Your objective: Wherever the string "const" occurs in a line of these records, report that line.

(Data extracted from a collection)
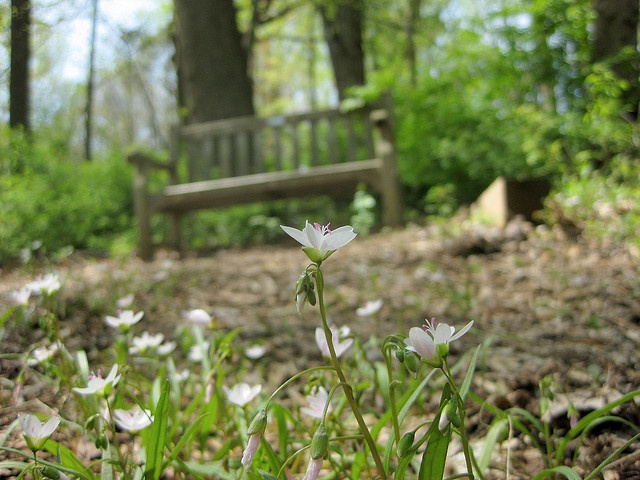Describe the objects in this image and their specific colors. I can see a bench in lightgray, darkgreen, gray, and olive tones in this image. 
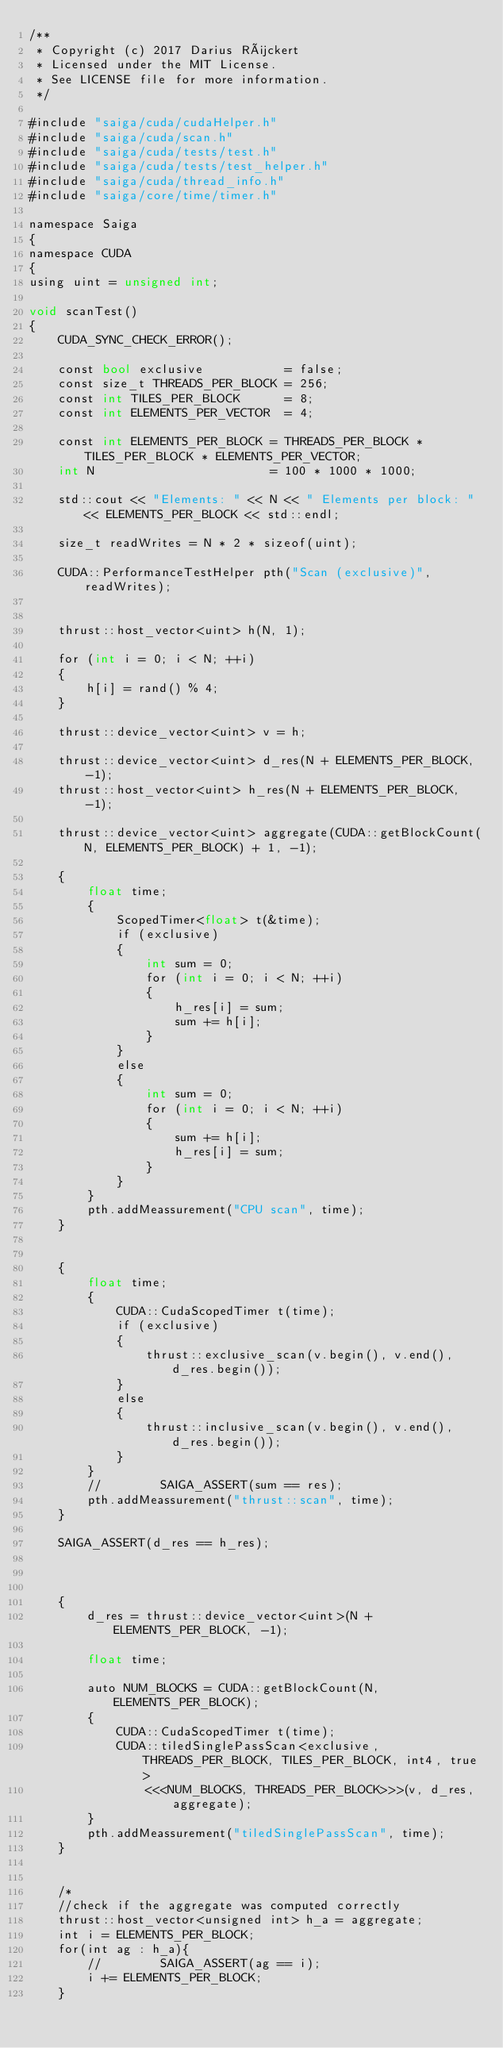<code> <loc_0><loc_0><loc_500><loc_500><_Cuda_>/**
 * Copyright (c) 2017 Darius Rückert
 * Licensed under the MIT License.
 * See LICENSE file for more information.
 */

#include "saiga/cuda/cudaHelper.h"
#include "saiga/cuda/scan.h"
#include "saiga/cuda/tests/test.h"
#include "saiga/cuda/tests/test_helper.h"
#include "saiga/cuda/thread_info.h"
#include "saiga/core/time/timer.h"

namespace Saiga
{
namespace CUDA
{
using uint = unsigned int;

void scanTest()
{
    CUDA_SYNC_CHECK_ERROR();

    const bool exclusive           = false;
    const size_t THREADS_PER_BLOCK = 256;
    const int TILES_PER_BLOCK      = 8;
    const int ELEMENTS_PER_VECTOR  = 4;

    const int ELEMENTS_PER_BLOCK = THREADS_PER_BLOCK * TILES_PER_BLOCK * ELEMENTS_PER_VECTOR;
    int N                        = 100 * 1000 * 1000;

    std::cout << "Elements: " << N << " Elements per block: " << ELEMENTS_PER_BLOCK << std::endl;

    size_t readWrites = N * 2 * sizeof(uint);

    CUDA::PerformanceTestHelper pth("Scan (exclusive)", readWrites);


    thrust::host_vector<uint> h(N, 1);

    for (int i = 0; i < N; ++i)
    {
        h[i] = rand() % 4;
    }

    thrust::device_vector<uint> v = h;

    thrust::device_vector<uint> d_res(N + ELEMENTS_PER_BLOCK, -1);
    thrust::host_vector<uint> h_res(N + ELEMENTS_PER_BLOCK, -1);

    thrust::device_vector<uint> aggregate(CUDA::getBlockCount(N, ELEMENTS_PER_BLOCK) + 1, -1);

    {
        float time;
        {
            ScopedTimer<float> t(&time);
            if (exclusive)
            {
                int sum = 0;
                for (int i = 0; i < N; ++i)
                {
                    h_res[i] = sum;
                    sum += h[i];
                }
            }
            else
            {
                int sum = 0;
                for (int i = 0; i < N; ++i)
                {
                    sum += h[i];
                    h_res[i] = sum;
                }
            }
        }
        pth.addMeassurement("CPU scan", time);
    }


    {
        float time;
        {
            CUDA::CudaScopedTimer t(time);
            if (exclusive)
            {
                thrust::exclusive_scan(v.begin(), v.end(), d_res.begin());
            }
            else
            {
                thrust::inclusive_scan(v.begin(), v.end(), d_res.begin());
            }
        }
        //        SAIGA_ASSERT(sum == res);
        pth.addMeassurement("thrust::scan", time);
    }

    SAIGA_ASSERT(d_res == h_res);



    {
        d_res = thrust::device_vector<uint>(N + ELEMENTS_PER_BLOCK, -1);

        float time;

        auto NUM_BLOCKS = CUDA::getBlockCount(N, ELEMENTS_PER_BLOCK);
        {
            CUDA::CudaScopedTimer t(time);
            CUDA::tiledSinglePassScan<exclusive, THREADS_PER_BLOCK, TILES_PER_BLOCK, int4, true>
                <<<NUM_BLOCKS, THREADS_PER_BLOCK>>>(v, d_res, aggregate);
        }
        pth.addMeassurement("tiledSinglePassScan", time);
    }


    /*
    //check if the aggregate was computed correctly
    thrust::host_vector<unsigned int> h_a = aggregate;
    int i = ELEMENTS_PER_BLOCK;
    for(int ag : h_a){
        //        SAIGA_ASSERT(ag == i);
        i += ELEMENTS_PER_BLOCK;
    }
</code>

Response:
    const bool exclusive           = false;
    const size_t THREADS_PER_BLOCK = 256;
    const int TILES_PER_BLOCK      = 8;
    const int ELEMENTS_PER_VECTOR  = 4;
    const int ELEMENTS_PER_BLOCK = THREADS_PER_BLOCK * TILES_PER_BLOCK * ELEMENTS_PER_VECTOR;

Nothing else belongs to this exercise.